Tag Archives: talents

Standing Before Kings

Years ago I read the autobiography of Ben Franklin. He was an incredibly gifted person who spent a lot of time learning and developing his sold. He was always testing things and inventing solutions. He was very diligent in his studies and in solving problems. He invented bifocals, rounded glass for street lights, lighting rods, fire departments and so much more. He was the oldest person to sign the Declaration of Independence, which he helped draft. He also was able to stand before five kings.

When Solomon built the Temple in Jerusalem, he used around 150,000 workers and it took just over seven years. 2 Chronicles described what it took. People from Tyre were gifted in cutting trees like no one else so they provided the wood. There was a man named Huram-abi who was an extremely skilled in working with gold, silver, bronze, iron, wood and stone.

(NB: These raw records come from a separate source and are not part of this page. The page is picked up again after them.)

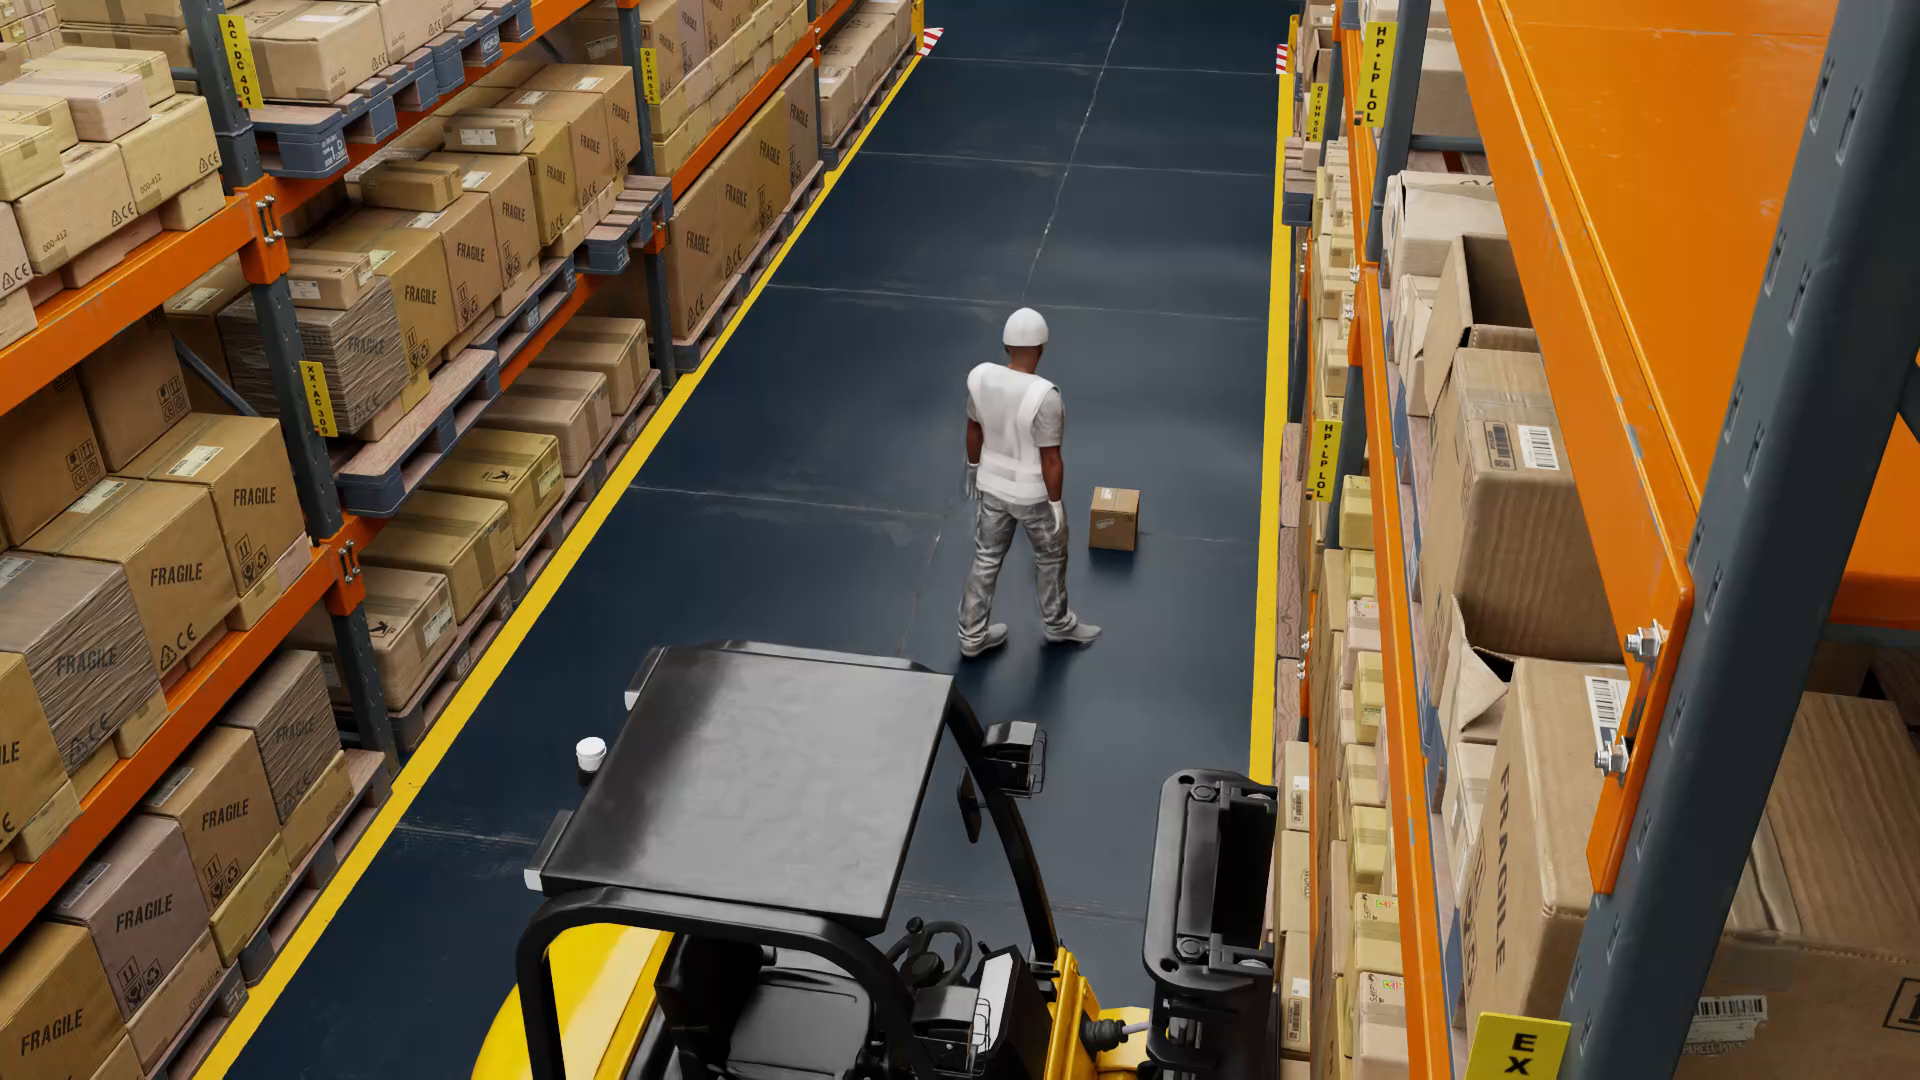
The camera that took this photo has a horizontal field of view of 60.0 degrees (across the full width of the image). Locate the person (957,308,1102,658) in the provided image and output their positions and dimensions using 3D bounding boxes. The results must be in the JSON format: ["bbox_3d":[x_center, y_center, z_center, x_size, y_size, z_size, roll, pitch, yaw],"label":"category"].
[{"bbox_3d":[0.286,-0.248,8.027,0.638,1.797,0.670,25,40,34],"label":"person"}]
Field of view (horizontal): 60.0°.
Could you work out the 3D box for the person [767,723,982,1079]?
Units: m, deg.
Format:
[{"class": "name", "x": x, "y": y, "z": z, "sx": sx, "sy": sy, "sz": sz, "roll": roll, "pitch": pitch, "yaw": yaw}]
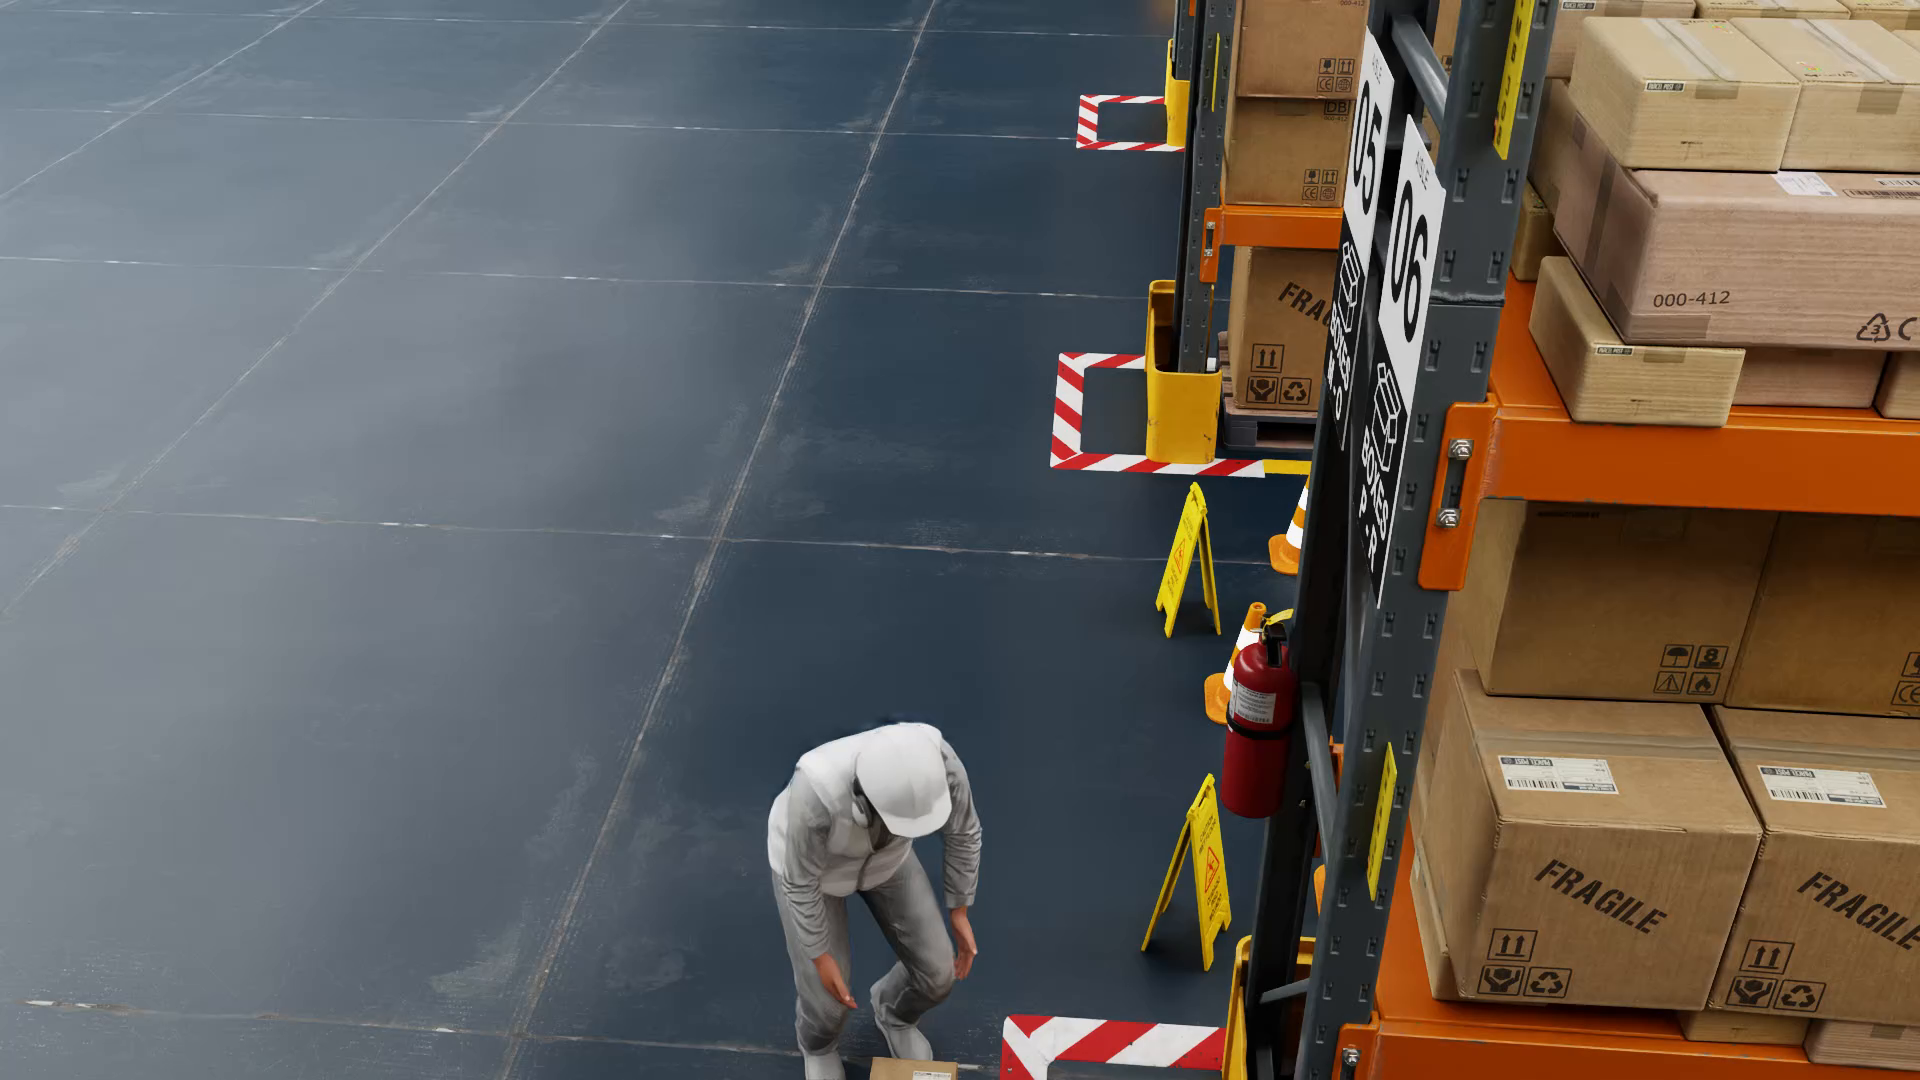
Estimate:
[{"class": "person", "x": -0.241, "y": 1.002, "z": 4.777, "sx": 0.591, "sy": 1.478, "sz": 0.734, "roll": -12, "pitch": 34, "yaw": -19}]
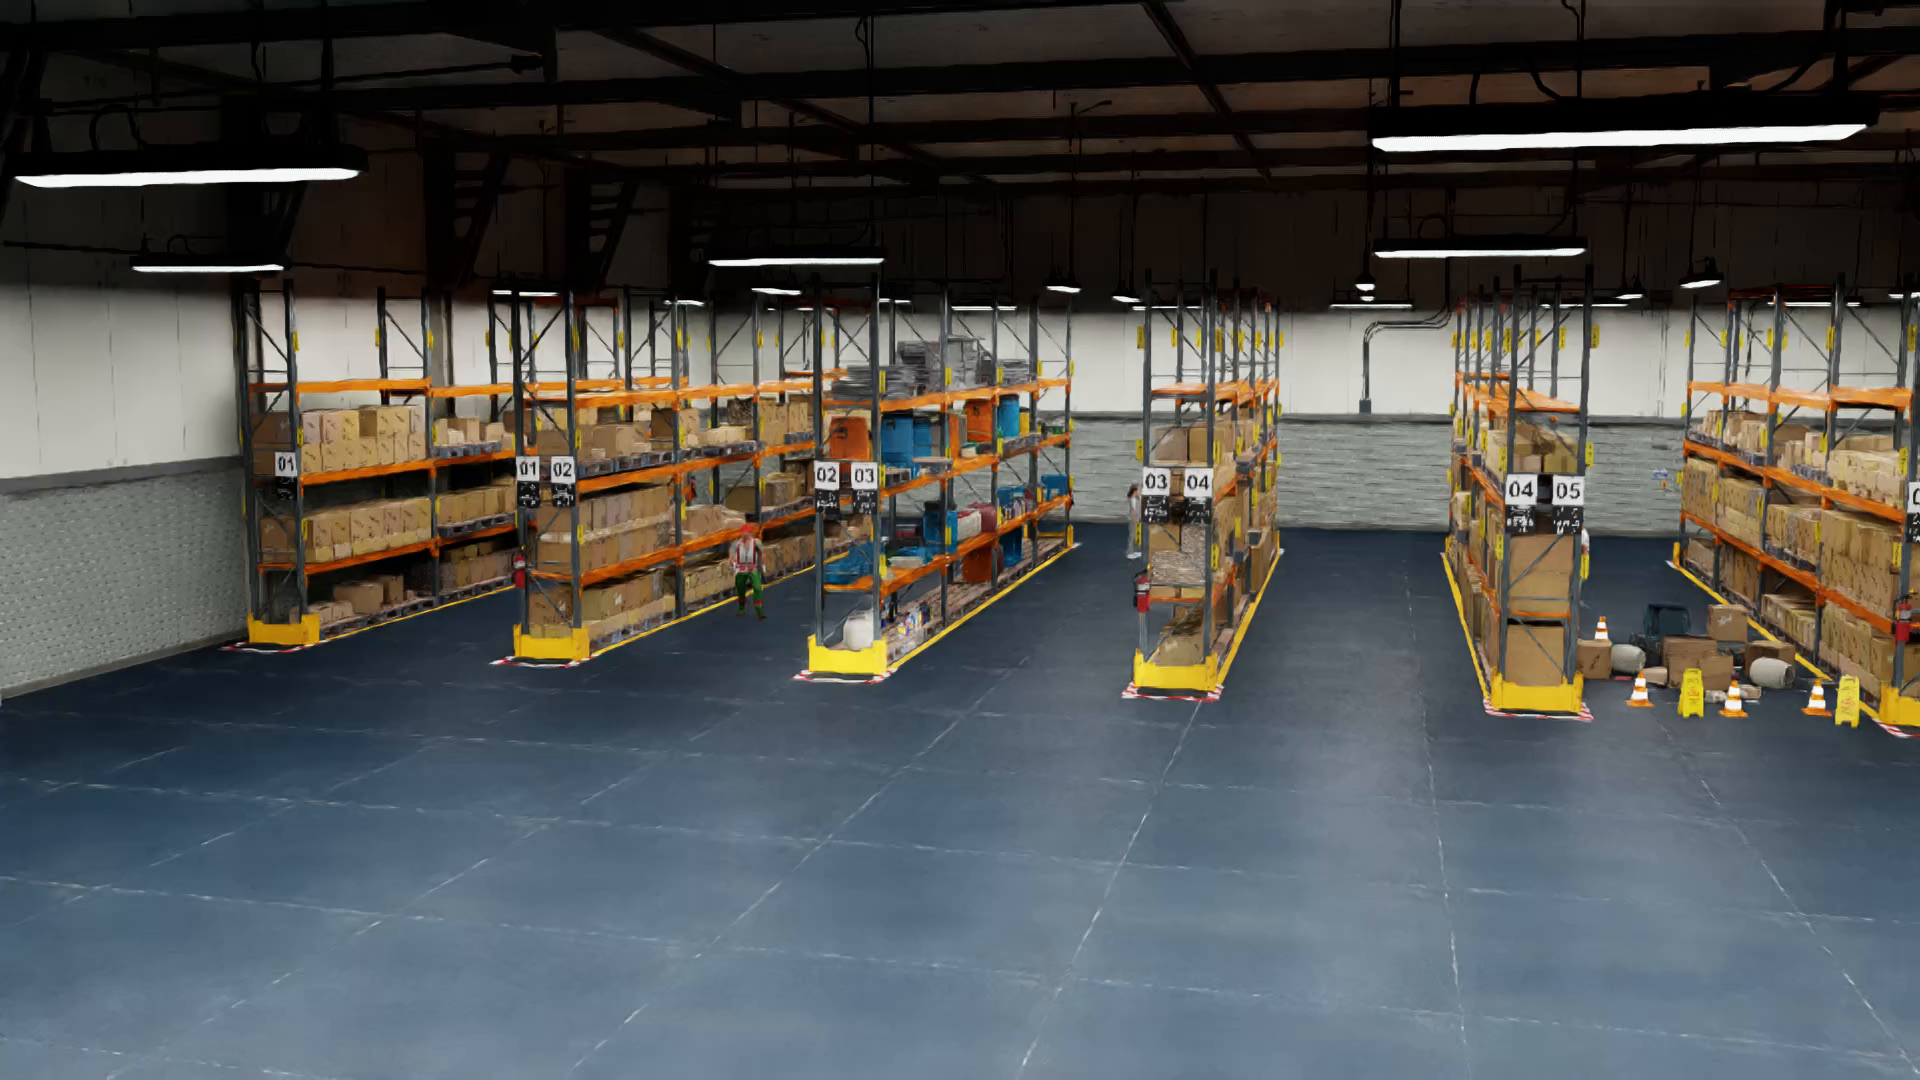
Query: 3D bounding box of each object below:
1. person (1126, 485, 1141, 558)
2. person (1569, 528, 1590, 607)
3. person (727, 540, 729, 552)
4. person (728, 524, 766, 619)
[{"bbox_3d":[4.026,-0.436,38.317,0.387,1.673,0.558,0,7,3],"label":"person"},{"bbox_3d":[11.654,0.361,31.362,0.469,1.757,0.589,-2,7,-17],"label":"person"},{"bbox_3d":[-5.222,-0.462,39.071,0.625,1.596,0.503,1,7,12],"label":"person"},{"bbox_3d":[-3.826,0.546,30.017,0.686,1.716,0.838,0,7,-2],"label":"person"}]
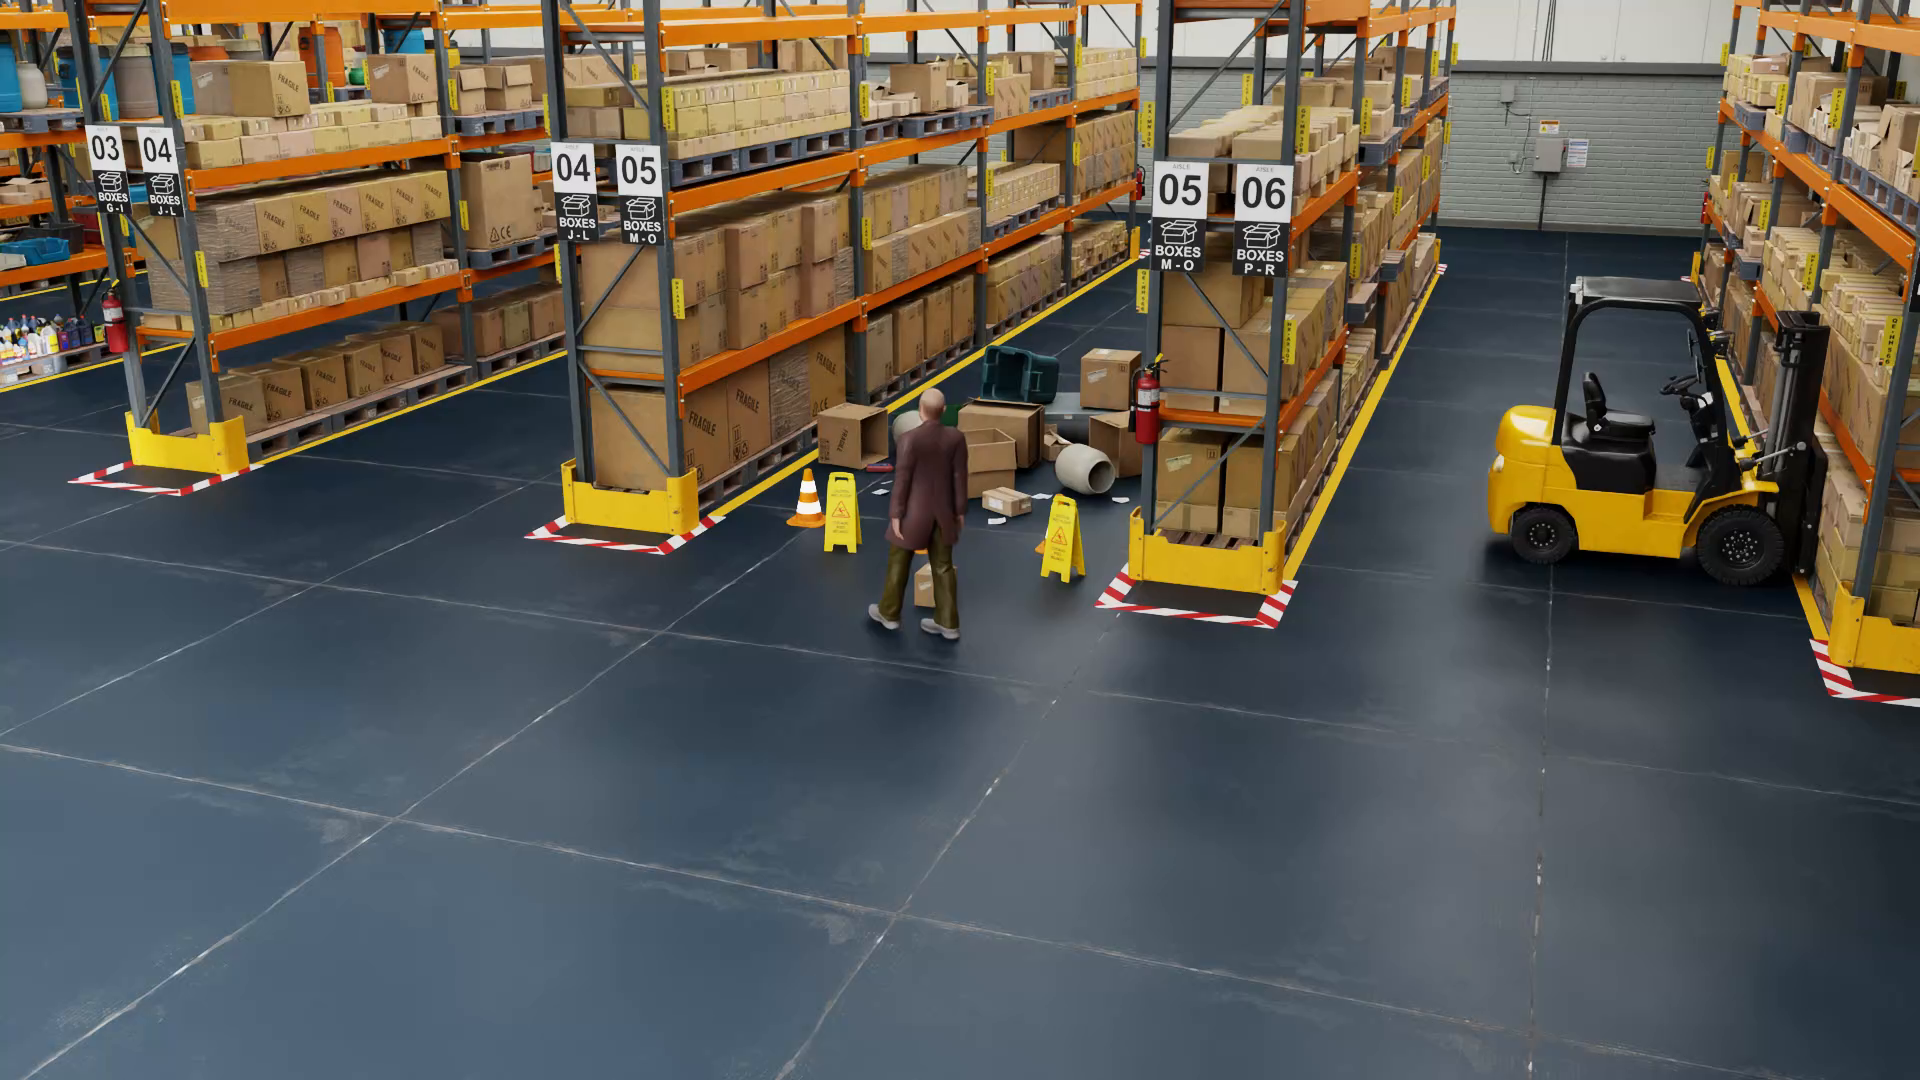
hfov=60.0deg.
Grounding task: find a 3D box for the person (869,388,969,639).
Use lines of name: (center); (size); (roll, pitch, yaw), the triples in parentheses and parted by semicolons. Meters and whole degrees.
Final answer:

To build such a magnificent building it took many skilled workers who all got to stand before kings.

Proverbs 22:29 says, “If you are uniquely gifted in your work, you will rise and be promoted. You won’t be held back— you’ll stand before kings!” (TPT) Each of us are born with raw talent in something. If we want to rise, be promoted and stand before kings, we must develop that talent. In the same manner, God provided wheat. However, we must harvest it, separate the chaff, mill it and combine it with other ingredients to make life giving sustenance. The same is true with our raw talent. If you want to stand before kings, we must be willing to work at developing our talents.

Thanks to Willian B. for making this photo available on unsplash.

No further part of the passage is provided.